-------- Dataset content

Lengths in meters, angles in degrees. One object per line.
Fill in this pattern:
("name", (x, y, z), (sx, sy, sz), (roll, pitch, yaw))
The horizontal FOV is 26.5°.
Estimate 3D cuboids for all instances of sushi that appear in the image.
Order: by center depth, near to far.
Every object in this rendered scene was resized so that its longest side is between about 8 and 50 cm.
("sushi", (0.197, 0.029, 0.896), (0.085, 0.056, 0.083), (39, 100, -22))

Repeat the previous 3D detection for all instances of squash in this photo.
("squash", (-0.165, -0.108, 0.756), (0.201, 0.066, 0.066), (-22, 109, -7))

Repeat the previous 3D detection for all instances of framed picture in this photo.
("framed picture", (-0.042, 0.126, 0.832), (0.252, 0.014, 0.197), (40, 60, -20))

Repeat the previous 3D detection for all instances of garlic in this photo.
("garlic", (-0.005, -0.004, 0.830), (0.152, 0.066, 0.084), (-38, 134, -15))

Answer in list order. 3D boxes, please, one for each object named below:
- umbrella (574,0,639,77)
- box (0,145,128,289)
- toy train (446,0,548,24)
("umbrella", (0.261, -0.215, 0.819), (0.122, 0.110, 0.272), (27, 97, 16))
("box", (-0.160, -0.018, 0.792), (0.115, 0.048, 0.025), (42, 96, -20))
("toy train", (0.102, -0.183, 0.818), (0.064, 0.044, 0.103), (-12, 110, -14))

----------------
-------- Dataset content

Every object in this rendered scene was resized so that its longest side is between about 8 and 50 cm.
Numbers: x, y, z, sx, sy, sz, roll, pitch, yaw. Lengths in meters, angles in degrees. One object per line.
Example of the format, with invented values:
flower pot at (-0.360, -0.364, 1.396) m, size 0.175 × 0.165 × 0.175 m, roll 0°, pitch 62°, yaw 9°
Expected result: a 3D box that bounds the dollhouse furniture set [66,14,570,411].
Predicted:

----------------

Every line with the string "meters" in the material should be returned.

• Answer space
Lengths in meters, angles in degrees. One object per line.
Numbers: x, y, z, sx, sy, sz, roll, pitch, yaw. Lengths in meters, angles in degrees. One object per line.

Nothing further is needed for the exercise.